** TASK INSTRUCTIONS **
Go through the entries below and give the number of lines that have the string "false", and only that.

** LISTED RECORDS **
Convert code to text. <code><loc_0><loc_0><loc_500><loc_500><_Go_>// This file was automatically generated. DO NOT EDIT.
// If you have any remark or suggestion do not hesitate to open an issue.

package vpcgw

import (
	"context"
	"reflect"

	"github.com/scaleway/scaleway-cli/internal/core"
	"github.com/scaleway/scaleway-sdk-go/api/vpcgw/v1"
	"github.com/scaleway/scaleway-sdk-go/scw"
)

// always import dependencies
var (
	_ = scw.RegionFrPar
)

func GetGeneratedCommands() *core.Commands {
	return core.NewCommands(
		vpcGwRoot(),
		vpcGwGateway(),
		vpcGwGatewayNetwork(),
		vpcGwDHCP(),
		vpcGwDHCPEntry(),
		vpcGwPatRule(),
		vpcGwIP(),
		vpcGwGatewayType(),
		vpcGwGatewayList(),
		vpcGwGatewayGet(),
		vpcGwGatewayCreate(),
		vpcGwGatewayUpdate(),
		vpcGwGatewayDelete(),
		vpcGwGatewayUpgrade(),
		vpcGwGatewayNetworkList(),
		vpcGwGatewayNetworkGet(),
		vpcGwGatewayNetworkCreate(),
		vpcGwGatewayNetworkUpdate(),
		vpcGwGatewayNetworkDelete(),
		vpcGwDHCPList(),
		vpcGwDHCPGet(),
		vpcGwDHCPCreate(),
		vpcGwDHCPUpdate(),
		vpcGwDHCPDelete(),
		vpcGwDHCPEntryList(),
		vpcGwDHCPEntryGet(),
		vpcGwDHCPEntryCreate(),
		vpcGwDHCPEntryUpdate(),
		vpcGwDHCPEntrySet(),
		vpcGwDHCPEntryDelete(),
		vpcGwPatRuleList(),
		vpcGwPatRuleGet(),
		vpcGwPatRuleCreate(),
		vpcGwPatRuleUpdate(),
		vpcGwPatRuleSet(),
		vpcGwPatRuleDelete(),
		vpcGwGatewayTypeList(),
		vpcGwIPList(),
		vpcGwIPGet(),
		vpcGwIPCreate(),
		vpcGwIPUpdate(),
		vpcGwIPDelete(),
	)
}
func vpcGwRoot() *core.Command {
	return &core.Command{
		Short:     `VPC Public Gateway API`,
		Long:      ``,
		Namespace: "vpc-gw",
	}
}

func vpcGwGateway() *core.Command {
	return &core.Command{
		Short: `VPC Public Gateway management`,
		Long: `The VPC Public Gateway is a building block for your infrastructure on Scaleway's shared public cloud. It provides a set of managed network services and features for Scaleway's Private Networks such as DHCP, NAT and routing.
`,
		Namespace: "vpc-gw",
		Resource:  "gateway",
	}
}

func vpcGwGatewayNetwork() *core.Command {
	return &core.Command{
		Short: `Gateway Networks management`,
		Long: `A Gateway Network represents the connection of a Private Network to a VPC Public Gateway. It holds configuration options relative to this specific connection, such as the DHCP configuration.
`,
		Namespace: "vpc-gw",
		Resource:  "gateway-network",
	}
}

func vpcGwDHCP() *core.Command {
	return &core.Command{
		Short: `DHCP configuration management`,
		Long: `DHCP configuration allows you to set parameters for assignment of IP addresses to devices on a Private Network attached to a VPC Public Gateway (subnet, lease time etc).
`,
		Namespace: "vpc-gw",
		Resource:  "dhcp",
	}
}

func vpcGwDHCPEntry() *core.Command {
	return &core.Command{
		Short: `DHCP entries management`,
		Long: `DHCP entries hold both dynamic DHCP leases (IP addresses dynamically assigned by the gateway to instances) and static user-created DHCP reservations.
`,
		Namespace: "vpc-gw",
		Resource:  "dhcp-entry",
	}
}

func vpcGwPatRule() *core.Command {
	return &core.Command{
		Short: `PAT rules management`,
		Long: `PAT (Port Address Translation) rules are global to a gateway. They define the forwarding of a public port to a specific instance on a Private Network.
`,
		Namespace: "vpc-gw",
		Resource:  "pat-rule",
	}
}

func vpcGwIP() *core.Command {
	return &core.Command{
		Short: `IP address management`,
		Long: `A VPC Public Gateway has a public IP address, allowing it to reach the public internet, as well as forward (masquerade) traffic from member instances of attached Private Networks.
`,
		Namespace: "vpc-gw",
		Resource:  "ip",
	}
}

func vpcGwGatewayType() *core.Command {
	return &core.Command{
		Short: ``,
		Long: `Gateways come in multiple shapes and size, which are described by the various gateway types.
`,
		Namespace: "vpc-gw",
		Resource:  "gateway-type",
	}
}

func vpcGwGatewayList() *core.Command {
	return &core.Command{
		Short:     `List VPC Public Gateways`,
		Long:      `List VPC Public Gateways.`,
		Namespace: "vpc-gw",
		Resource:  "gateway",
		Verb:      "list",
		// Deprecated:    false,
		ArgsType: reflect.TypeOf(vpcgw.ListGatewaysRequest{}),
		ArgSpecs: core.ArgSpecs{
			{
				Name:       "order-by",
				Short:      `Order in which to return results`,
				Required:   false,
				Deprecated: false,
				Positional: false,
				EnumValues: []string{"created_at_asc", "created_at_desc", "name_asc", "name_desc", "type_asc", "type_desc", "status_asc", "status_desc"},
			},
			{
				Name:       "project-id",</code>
--
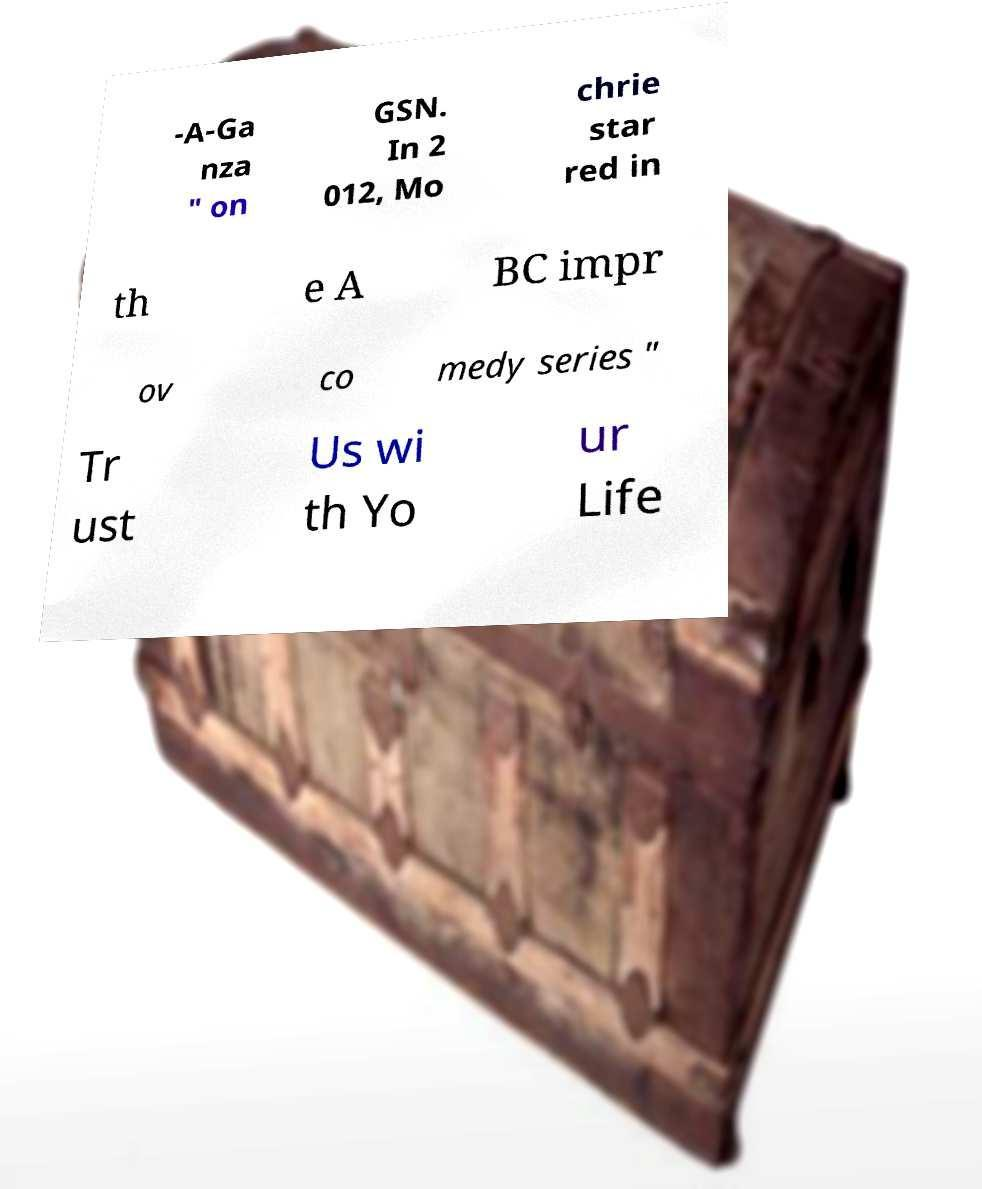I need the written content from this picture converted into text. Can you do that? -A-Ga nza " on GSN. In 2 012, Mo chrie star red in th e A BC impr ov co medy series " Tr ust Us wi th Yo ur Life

** TASK RESULT **
4